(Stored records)

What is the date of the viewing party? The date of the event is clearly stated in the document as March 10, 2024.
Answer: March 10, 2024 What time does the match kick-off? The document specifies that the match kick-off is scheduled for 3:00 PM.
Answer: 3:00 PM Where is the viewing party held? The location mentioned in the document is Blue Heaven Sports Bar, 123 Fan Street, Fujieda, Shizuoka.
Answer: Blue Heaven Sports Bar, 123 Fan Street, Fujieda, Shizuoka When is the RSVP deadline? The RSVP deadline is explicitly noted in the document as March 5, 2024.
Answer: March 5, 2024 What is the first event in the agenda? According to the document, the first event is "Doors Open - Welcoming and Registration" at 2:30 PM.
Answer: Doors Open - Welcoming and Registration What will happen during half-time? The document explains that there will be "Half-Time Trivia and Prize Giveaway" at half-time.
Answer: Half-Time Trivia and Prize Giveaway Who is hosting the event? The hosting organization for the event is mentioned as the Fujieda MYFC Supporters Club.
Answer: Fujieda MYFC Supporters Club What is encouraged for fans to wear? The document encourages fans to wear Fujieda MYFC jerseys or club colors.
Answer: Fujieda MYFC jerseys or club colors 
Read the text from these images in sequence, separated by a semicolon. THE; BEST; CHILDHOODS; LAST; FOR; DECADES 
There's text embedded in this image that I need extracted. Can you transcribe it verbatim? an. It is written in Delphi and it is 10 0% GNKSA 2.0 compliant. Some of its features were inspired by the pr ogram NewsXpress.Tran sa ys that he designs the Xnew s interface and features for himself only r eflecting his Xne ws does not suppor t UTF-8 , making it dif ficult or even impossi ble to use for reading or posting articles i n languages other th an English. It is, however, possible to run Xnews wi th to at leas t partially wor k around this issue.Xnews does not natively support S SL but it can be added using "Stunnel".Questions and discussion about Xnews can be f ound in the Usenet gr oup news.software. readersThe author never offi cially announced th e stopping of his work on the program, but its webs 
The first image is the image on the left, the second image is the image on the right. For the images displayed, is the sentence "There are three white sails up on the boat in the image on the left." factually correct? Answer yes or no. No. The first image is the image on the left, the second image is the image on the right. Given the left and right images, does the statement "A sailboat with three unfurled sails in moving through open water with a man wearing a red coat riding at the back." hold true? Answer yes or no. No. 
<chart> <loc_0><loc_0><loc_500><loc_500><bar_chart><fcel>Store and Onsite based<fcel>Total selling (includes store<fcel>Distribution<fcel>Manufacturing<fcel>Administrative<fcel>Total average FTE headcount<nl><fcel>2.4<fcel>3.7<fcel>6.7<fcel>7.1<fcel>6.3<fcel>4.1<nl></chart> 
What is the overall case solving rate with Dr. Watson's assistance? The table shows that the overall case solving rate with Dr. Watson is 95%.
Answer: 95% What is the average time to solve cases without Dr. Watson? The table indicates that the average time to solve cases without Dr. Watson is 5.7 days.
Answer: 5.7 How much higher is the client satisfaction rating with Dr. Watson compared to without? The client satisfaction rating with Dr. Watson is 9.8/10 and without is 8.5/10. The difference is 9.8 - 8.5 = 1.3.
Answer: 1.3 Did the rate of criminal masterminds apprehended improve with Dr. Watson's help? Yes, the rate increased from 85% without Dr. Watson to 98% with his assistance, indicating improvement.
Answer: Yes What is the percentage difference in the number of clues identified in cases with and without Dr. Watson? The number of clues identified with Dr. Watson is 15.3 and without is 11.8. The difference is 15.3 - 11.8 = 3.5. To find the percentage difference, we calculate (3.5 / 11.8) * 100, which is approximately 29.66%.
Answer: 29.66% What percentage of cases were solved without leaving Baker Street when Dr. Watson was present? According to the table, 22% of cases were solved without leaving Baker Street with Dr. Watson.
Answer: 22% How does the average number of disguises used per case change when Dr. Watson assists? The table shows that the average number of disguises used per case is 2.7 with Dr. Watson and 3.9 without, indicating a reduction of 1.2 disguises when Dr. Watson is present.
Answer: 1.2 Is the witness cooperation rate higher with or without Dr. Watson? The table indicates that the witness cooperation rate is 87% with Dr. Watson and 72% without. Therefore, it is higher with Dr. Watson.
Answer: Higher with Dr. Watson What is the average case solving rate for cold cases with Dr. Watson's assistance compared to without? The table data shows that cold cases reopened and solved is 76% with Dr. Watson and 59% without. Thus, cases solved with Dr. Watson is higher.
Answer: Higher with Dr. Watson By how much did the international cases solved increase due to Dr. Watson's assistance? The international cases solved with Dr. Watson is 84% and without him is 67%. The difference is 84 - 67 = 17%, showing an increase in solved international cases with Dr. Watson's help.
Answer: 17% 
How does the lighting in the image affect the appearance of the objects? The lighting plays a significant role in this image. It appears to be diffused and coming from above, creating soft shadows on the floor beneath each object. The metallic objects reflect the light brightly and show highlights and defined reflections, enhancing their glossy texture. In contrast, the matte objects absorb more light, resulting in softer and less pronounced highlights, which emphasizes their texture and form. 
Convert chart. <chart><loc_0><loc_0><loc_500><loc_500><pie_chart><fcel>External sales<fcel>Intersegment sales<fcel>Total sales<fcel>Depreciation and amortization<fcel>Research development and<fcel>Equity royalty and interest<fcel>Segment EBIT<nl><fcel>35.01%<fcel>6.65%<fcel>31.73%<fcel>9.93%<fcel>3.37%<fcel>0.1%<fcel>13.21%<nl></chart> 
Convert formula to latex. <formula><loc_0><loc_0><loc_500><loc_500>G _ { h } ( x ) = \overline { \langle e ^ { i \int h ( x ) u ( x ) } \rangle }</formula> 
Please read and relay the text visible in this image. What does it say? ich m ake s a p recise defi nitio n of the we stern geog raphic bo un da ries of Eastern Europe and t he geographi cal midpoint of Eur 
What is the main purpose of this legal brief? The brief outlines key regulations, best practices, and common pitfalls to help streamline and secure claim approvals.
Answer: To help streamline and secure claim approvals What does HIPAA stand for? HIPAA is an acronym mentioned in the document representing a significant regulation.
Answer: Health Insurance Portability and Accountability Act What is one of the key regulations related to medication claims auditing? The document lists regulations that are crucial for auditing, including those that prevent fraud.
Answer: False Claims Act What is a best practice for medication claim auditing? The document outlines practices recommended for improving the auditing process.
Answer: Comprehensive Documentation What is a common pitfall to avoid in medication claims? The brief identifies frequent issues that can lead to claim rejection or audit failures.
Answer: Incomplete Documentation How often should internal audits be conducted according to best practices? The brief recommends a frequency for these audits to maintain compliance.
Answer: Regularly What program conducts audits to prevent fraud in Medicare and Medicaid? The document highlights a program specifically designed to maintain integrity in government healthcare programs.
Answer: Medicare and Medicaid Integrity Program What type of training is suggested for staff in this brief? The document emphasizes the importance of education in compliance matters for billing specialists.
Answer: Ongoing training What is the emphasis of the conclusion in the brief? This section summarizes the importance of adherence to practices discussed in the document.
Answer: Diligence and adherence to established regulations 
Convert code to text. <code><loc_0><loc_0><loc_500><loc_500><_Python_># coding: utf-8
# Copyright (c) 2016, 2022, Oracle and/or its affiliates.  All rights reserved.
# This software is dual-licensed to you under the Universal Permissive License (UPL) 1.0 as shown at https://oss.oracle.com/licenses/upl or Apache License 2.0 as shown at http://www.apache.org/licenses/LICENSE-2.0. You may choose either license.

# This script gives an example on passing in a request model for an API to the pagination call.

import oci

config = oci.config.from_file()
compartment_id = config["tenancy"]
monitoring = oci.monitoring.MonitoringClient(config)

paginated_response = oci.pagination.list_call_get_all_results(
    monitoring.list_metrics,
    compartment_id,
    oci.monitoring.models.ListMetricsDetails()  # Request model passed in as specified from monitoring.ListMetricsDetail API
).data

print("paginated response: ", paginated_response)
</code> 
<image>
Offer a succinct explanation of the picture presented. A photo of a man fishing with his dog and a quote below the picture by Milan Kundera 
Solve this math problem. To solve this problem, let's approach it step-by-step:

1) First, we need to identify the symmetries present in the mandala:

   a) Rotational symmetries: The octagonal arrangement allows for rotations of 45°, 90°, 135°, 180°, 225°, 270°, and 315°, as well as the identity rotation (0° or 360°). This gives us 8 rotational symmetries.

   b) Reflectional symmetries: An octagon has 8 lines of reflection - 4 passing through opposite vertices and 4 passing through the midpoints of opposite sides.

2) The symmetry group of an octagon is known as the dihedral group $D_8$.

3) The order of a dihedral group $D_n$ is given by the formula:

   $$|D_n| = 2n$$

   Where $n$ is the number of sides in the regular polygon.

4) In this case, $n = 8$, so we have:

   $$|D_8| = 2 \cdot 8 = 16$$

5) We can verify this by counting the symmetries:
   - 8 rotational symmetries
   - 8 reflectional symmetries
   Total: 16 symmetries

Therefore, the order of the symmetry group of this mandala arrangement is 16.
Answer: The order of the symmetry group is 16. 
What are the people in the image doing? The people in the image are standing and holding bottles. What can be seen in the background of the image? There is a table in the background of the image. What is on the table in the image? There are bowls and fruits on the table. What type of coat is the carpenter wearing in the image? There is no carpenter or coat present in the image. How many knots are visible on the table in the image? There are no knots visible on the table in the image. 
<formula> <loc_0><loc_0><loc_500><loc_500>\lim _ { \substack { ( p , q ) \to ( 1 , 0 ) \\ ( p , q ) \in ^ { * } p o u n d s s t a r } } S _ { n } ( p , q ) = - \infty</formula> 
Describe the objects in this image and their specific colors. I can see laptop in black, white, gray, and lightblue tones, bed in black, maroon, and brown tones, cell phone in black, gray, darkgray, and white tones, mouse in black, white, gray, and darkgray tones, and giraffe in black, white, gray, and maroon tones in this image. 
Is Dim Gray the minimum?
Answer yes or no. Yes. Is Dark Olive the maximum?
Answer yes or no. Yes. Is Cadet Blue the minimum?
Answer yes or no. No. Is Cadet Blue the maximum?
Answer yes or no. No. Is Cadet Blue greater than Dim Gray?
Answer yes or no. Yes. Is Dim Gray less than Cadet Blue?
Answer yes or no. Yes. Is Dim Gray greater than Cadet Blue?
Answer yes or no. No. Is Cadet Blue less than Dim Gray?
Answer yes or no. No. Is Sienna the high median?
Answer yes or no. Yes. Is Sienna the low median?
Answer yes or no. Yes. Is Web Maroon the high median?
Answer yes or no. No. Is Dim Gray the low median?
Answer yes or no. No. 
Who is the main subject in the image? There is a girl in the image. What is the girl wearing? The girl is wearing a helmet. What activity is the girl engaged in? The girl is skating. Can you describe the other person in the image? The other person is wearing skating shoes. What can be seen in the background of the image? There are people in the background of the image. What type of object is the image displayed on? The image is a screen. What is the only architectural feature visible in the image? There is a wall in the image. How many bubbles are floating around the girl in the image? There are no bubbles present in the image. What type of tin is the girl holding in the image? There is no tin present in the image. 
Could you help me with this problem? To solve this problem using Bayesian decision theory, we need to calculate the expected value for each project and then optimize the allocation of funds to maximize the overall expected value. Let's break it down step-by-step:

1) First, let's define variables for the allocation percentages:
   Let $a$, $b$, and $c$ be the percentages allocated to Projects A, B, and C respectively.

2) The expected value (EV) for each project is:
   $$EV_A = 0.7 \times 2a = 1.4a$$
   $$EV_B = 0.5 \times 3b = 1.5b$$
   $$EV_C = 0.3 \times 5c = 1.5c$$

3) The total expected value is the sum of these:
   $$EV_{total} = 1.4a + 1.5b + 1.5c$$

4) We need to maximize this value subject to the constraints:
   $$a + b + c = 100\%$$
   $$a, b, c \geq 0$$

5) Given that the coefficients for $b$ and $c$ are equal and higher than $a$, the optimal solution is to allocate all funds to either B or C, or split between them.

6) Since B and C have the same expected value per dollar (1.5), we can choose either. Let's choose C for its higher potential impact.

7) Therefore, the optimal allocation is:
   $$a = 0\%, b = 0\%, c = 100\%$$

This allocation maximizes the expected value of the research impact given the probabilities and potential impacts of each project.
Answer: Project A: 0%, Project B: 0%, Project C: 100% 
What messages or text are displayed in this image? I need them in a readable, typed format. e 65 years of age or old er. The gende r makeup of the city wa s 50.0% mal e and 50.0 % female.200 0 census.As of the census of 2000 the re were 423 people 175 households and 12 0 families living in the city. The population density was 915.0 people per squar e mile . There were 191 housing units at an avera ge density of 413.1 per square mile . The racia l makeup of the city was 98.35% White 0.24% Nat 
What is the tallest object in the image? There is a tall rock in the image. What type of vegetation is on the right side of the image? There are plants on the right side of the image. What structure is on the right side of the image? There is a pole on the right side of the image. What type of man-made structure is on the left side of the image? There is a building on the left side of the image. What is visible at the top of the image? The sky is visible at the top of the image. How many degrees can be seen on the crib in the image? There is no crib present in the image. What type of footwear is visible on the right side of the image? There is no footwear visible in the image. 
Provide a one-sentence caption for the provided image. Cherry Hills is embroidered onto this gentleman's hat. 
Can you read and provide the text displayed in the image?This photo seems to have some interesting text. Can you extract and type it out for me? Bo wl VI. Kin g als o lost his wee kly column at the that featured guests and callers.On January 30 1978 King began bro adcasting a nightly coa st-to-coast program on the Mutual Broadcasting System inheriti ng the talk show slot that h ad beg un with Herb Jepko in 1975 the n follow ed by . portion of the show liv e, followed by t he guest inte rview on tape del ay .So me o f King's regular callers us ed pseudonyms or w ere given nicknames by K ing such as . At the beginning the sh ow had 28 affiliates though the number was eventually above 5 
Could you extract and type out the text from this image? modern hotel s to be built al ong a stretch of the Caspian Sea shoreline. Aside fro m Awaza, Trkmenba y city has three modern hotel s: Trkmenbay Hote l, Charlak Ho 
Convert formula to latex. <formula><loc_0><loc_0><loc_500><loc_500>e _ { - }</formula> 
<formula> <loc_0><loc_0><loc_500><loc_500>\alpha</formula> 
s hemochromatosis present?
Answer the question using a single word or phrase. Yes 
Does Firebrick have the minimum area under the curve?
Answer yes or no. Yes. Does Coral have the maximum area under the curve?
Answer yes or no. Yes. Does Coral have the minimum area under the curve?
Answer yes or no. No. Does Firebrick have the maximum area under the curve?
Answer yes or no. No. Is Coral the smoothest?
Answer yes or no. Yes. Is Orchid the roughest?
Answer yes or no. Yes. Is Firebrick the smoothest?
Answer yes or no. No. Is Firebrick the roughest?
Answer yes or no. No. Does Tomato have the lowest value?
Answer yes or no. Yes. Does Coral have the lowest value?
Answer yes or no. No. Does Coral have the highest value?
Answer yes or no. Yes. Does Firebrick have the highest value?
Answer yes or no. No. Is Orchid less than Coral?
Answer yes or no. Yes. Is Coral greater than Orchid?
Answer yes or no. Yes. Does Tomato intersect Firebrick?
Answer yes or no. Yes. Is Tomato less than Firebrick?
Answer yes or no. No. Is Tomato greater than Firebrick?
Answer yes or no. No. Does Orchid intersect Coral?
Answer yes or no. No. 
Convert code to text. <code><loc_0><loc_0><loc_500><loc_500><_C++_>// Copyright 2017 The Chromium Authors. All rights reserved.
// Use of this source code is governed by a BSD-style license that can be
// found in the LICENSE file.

-- What needs to be done --
Each line of the records, from the opening one through the line holding "Answer: March 10, 2024", should be restated word for word, with nothing else in the answer.

-- Your response --
What is the date of the viewing party? The date of the event is clearly stated in the document as March 10, 2024.
Answer: March 10, 2024 What time does the match kick-off? The document specifies that the match kick-off is scheduled for 3:00 PM.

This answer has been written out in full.